Will A Drinking Glass Shatter In Oven?

Decorating By jlh Updated 26 Mar 2009 , 8:53pm by majka_ze

jlh Posted 26 Mar 2009 , 7:01pm
post #1 of 10

I'm trying to make these hamburger cupcakes. I've Pm'd the person, but just haven't heard back yet. I want the rounded tops, so I'm thinking about baking the batter in a drinking glass I have. It's got a smooth, rounded bottom, that is just about the perfect size. Have you ever heard of "regular glass" shattering in the oven? 350 degrees? I don't know if it's safe to use non-bake glassware? I don't want to cause an accident. Anyone have any experience? Thanks.


9 replies
aswartzw Posted 26 Mar 2009 , 7:23pm
post #2 of 10

You can cut the tops off of cupcakes. That's how I've down it. And, yes, you can bake in glasses or mugs.

cleghorn Posted 26 Mar 2009 , 7:29pm
post #3 of 10

good to know!!Thanks

ziggytarheel Posted 26 Mar 2009 , 7:37pm
post #4 of 10

My only concern would be if there happens to be a little air bubble in the glass. Wouldn't it shatter as the air expands?

artscallion Posted 26 Mar 2009 , 7:39pm
post #5 of 10

I'm going to disagree with this. SOME mugs and glasses are oven safe. But MOST are not. Mugs are more likely to be oven safe and may indicate this underneath. Drinking glasses are likely to shatter under the temperature change unless they are made for this purpose, like pyrex.

luv_to_decorate Posted 26 Mar 2009 , 7:50pm
post #6 of 10

Yes, a drinking glass will shatter in the oven. Even most glass coffee cups are not meant to go in the oven. Have you thought about using a pyrex type mixing bowl or a stainless steel bowl for the overn?

They have that rounded bottom.

KoryAK Posted 26 Mar 2009 , 7:52pm
post #7 of 10

ditto pp

aswartzw Posted 26 Mar 2009 , 8:32pm
post #8 of 10

Now that I think about it, no, I agree with the others.

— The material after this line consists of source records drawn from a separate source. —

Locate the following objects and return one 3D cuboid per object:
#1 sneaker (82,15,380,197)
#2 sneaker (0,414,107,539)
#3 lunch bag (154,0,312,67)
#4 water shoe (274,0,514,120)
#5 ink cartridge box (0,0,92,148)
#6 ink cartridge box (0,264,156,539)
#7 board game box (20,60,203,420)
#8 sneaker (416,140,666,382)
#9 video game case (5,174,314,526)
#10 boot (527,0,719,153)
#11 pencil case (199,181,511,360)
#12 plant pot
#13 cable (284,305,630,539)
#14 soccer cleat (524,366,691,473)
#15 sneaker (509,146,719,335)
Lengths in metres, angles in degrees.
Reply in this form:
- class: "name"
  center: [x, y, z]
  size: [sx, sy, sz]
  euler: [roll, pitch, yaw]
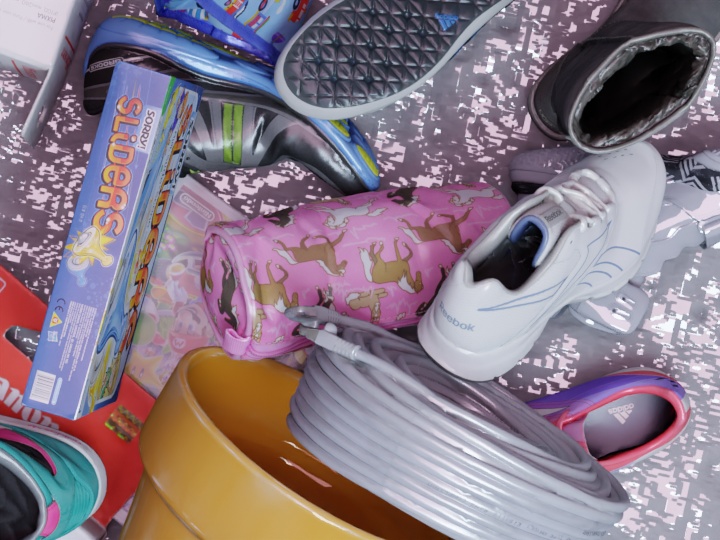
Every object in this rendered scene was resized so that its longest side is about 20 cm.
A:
- class: "sneaker"
  center: [-0.080, -0.090, 1.556]
  size: [0.199, 0.071, 0.083]
  euler: [23, 100, 0]
- class: "sneaker"
  center: [-0.255, 0.121, 1.457]
  size: [0.199, 0.121, 0.084]
  euler: [10, 99, 4]
- class: "lunch bag"
  center: [-0.071, -0.222, 1.483]
  size: [0.094, 0.200, 0.151]
  euler: [23, 87, 9]
- class: "water shoe"
  center: [0.034, -0.151, 1.545]
  size: [0.200, 0.079, 0.072]
  euler: [-33, 88, -12]
- class: "ink cartridge box"
  center: [-0.196, -0.181, 1.524]
  size: [0.067, 0.116, 0.201]
  euler: [18, 87, -2]
- class: "ink cartridge box"
  center: [-0.234, 0.102, 1.535]
  size: [0.200, 0.044, 0.174]
  euler: [40, 100, 0]
- class: "board game box"
  center: [-0.142, -0.018, 1.459]
  size: [0.034, 0.135, 0.201]
  euler: [16, 93, 3]
- class: "sneaker"
  center: [0.116, -0.017, 1.456]
  size: [0.074, 0.087, 0.200]
  euler: [37, 57, 15]
- class: "video game case"
  center: [-0.112, 0.061, 1.569]
  size: [0.143, 0.018, 0.200]
  euler: [36, 88, -1]
- class: "boot"
  center: [0.176, -0.136, 1.494]
  size: [0.073, 0.200, 0.182]
  euler: [44, 87, 0]
- class: "pencil case"
  center: [0.000, 0.000, 1.513]
  size: [0.199, 0.087, 0.083]
  euler: [-9, 117, -24]
- class: "plant pot"
  center: [-0.066, 0.177, 1.482]
  size: [0.200, 0.200, 0.184]
  euler: [32, 105, -1]
- class: "cable"
  center: [0.054, 0.103, 1.434]
  size: [0.200, 0.200, 0.069]
  euler: [35, 98, 31]
- class: "soccer cleat"
  center: [0.109, 0.111, 1.547]
  size: [0.199, 0.073, 0.069]
  euler: [-20, 90, -2]
- class: "sneaker"
  center: [0.191, -0.017, 1.556]
  size: [0.199, 0.075, 0.116]
  euler: [1, 89, 3]

dsilvest Posted 26 Mar 2009 , 8:50pm
post #9 of 10

Try baking the burgers in a parchment lined tin can. After it has baked it should just pop out. If not, open the other end and push it through.
Cut the cooled "cake" into thick slices and you will have your burgers.

majka_ze Posted 26 Mar 2009 , 8:53pm
post #10 of 10

Well, I do bake in glasses. But it is the thicker, cheap glass you can see often in a school cafeteria here. It has the thickness of a pyrex glass. I am afraid to try thin glass.

Even so, I set it on a round or rectangular pan and manipulate this pan only - set it with this pan in oven, take it on this pan out, cool it still in this pan. Most problems come from quick temperature changes and I hope this way I get little bit of leeway. And should one glass shatter, the pan would still hold the batter and the shards.

Better way would be to make "homemade pan" from alu-foil. Take your glass as form, three or four layers of heavy foil, mold it around for the pan, roll the edge. It is somewhat flimsy, but you can even bake regular sized cake in such pan.